Em sua terceira Copa do Mundo, a atuação do árbitro assistente de vídeo, o famoso VAR, gerou fortes protestos de diversas federações ao longo do torneio. O termo “VARgentina” viralizou nas redes sociais após decisões favoráveis à equipe sul-americana em momentos decisivos.

Não expulsão de Messi no jogo de estreia contra a Argélia gerou críticas duras à arbitragem

O caso mais emblemático ocorreu logo na estreia dos campeões do mundo contra a Argélia, quando a estrela Lionel Messi cometeu uma falta claramente para cartão vermelho e árbitros de campo e de vídeo passaram pano. Mantido em campo, ele fez uma hat-trick na partida, e depois marcou mais três gols nos jogos seguintes em que, em tese, estaria suspenso.

Já nas oitavas de final entre Argentina e Egito, o VAR anulou o gol que ampliaria o placar para 2 a 0 em favor dos egípcios ao revisar uma falta ocorrida 17 segundos antes da jogada e a 80 metros da meta. Até aí tudo bem, se no lance que gerou a virada argentina nos acréscimos, uma falta semelhante a favor dos egípcios e que anularia o lance não tivesse sido ignorada pela arbitragem.

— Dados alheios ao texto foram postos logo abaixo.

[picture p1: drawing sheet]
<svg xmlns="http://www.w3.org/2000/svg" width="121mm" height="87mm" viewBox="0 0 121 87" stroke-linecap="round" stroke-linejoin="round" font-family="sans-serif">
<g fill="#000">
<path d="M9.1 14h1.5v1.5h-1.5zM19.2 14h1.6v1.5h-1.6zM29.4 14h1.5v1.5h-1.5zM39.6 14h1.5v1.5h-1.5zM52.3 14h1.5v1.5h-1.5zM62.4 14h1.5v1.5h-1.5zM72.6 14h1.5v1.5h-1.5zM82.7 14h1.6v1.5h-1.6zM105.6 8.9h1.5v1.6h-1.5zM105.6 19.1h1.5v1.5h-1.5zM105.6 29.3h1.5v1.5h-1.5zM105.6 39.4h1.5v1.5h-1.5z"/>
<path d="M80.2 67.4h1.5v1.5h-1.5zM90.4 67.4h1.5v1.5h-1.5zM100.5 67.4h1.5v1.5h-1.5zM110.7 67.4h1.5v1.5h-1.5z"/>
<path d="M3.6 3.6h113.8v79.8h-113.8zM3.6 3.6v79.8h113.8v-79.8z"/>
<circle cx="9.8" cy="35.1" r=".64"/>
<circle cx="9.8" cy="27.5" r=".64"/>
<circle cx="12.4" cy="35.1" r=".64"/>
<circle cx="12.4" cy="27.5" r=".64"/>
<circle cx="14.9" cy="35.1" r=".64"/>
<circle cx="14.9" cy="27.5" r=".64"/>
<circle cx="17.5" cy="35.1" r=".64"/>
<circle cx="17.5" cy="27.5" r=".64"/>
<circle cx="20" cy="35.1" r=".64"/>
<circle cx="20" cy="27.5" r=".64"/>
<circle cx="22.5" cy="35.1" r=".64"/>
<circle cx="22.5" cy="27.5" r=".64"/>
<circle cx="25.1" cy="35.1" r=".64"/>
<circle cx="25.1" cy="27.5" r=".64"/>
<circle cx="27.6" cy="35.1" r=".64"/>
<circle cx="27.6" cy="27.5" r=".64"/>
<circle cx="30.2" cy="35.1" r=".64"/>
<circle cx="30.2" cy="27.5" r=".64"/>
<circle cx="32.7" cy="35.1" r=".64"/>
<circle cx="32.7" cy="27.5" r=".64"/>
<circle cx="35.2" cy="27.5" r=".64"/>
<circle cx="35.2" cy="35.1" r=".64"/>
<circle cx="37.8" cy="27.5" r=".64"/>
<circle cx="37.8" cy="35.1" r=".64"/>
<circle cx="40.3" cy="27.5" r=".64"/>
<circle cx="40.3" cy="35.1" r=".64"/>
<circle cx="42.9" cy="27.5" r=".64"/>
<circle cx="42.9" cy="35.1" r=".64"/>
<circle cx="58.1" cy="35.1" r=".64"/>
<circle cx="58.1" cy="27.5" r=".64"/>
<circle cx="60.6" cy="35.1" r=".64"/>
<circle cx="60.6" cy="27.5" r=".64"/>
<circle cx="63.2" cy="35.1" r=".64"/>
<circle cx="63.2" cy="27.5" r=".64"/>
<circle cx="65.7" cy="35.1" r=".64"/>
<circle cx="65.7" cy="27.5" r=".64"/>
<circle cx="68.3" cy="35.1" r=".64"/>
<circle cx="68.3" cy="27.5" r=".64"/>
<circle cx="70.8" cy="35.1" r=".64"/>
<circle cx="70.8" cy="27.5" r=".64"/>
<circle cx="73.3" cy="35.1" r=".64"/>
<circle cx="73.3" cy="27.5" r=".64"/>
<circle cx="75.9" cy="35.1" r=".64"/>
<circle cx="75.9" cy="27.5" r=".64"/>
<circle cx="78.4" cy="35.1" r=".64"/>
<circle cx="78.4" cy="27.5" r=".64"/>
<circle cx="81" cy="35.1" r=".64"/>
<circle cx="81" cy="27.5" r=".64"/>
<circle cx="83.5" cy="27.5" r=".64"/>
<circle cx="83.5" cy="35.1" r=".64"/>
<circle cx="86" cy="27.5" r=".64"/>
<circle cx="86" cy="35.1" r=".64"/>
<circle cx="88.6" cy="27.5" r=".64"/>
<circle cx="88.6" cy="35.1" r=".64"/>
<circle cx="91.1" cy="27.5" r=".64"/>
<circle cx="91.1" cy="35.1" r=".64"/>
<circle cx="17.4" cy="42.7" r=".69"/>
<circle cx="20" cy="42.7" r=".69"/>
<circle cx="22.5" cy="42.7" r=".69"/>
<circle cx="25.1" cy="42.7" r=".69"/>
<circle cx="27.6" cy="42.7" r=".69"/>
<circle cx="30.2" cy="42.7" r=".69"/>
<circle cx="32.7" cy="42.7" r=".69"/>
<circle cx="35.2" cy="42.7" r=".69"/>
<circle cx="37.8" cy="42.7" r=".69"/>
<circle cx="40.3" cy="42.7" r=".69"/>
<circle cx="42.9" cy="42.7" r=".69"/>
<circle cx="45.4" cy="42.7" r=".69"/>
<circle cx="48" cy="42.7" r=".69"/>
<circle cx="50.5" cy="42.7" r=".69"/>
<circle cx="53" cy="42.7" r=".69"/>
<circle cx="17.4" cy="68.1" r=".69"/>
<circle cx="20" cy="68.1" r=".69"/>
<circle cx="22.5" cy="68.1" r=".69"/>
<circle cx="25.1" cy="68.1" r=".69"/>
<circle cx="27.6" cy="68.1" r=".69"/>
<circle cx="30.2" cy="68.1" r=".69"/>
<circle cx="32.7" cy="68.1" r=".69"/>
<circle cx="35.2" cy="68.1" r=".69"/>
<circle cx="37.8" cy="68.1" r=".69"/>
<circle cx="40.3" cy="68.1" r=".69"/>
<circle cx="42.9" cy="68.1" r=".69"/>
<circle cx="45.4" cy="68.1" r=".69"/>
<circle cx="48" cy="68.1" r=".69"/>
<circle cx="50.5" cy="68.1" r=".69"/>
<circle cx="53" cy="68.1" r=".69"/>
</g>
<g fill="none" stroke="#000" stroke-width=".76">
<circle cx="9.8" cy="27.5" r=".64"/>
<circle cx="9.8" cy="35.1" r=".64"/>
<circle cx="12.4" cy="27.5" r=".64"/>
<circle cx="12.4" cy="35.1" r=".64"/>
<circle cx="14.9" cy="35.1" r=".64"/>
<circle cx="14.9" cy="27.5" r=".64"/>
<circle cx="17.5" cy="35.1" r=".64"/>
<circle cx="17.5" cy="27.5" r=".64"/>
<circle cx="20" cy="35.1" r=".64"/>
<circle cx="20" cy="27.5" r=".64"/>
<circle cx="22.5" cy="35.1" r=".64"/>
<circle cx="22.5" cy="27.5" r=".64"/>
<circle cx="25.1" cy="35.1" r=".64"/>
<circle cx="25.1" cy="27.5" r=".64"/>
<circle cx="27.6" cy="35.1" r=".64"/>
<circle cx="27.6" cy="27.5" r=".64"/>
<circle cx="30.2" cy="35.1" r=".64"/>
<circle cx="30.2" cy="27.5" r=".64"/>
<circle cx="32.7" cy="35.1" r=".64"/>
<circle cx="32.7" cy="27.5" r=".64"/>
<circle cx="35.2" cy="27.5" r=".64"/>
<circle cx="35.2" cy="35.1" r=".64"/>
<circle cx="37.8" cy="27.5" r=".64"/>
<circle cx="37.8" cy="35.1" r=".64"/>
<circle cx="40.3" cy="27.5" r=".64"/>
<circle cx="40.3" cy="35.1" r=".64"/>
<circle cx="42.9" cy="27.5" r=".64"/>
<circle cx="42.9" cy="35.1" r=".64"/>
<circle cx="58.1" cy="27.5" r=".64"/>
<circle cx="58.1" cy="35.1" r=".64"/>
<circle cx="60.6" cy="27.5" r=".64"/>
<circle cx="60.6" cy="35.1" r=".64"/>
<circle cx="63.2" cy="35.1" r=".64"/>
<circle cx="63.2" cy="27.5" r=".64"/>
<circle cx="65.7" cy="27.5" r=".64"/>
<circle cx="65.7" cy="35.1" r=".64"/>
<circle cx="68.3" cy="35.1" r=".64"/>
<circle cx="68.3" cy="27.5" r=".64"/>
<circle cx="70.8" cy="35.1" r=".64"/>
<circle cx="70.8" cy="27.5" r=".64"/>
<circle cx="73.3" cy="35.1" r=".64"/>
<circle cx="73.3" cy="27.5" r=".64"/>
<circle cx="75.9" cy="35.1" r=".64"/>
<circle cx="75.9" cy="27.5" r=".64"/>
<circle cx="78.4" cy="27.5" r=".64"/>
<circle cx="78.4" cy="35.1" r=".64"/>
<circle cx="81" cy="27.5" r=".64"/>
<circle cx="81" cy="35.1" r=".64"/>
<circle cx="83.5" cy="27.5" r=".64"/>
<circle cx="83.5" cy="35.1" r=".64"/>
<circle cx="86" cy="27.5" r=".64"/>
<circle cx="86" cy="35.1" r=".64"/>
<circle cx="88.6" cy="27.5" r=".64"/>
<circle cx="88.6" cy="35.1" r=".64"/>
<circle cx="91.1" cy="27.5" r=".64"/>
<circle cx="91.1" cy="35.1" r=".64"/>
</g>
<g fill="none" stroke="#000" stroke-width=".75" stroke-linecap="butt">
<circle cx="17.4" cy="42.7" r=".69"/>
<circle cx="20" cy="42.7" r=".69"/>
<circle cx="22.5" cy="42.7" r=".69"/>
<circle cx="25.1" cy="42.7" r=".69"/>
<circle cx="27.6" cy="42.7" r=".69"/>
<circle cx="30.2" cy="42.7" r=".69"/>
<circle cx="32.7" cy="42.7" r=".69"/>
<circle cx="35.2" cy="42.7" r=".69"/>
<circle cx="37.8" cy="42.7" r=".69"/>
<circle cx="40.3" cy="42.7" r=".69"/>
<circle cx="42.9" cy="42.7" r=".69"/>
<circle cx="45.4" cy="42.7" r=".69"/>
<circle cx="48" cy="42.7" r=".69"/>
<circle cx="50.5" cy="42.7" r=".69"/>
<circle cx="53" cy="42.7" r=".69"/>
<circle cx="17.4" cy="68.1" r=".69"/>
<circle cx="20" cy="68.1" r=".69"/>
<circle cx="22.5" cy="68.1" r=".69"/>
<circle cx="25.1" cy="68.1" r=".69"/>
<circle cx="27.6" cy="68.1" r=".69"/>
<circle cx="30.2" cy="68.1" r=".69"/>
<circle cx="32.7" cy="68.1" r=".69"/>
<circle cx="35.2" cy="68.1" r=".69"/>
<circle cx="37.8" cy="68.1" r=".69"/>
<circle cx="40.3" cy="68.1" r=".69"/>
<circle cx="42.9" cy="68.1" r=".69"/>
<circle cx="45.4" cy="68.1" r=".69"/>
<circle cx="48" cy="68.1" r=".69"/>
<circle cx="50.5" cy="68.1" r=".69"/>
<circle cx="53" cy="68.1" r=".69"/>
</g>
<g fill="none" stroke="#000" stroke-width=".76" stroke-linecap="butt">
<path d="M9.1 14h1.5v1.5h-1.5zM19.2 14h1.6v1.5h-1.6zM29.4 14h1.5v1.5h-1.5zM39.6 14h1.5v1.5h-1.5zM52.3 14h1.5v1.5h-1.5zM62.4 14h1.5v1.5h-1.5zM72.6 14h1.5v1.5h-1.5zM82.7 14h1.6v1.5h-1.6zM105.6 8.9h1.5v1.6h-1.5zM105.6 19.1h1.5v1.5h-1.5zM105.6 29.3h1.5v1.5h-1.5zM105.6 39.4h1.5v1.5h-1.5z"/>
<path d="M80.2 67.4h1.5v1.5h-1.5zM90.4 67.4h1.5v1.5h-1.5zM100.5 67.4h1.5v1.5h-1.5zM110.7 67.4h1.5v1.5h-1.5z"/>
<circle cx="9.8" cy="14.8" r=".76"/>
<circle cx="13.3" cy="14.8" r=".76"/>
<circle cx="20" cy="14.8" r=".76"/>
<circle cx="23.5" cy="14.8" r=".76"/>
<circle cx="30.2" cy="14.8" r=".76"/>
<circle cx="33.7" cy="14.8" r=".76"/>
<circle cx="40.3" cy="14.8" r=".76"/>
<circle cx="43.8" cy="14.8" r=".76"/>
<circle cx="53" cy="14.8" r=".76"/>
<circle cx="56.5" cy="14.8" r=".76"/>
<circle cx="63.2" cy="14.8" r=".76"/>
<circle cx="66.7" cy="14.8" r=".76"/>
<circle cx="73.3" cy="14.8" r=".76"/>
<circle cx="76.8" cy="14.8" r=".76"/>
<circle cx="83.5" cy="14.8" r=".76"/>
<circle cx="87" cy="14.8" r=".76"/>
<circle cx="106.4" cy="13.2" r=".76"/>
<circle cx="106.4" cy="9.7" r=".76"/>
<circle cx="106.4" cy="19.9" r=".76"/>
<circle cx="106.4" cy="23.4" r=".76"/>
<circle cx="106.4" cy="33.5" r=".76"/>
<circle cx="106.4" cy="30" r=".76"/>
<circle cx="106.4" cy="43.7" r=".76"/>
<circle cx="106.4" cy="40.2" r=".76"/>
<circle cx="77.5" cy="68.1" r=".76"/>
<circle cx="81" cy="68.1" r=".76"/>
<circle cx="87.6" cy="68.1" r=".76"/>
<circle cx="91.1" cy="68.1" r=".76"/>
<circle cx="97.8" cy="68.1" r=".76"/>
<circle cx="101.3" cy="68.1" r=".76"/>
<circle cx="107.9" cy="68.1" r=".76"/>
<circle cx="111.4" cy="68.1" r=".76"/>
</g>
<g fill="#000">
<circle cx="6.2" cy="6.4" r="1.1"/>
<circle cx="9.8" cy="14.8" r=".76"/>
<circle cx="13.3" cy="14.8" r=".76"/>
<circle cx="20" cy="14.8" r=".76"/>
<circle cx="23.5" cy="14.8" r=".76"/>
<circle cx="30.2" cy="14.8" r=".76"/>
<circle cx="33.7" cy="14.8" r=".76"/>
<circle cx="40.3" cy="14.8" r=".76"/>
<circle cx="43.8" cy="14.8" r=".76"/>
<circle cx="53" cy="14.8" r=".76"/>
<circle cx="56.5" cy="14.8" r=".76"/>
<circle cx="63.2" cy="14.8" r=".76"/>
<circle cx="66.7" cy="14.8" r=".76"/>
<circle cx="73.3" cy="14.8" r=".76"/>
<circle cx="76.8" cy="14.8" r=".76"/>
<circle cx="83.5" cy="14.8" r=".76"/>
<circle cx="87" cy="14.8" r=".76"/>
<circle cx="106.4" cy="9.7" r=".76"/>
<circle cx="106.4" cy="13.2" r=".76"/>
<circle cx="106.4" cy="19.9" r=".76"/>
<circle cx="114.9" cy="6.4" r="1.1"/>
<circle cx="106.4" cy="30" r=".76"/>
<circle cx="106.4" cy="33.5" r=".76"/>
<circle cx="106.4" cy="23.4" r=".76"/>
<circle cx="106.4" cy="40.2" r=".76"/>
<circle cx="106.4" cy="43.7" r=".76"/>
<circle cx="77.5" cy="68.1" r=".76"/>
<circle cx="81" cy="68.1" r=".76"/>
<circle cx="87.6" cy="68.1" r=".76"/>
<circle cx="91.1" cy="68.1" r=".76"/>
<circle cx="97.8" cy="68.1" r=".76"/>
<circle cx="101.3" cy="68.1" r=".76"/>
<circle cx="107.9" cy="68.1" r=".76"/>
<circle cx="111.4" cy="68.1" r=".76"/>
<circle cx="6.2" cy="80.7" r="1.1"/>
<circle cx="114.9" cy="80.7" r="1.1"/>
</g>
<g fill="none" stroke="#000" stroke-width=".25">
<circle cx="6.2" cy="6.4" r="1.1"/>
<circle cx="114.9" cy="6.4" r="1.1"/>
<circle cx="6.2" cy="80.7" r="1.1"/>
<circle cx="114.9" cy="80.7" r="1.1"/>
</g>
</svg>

Jogo entre Argentina e Egito nas Oitavas de Final também teve muitas polêmicas no apito

Outras seleções também formalizaram reclamações. A CBF, por exemplo, enviou ofício à FIFA cobrando padronização após ter um gol de Vinícius Júnior anulado contra a Escócia. A delegação de Gana também criticou o árbitro após lances polêmicos não revisados contra a Inglaterra. Mas nada comparado ao barulho que a relação dos argentinos com o apito causou durante o Mundial.

Donald Trump e a virada de mesa na punição de Balogun

A maior crise institucional do torneio, entretanto, eclodiu na fase de 16 avos de final. O atacante norte-americano Folarin Balogun recebeu cartão vermelho direto (e correto) do árbitro brasileiro Raphael Claus no triunfo dos EUA sobre a Bósnia por 2 a 0.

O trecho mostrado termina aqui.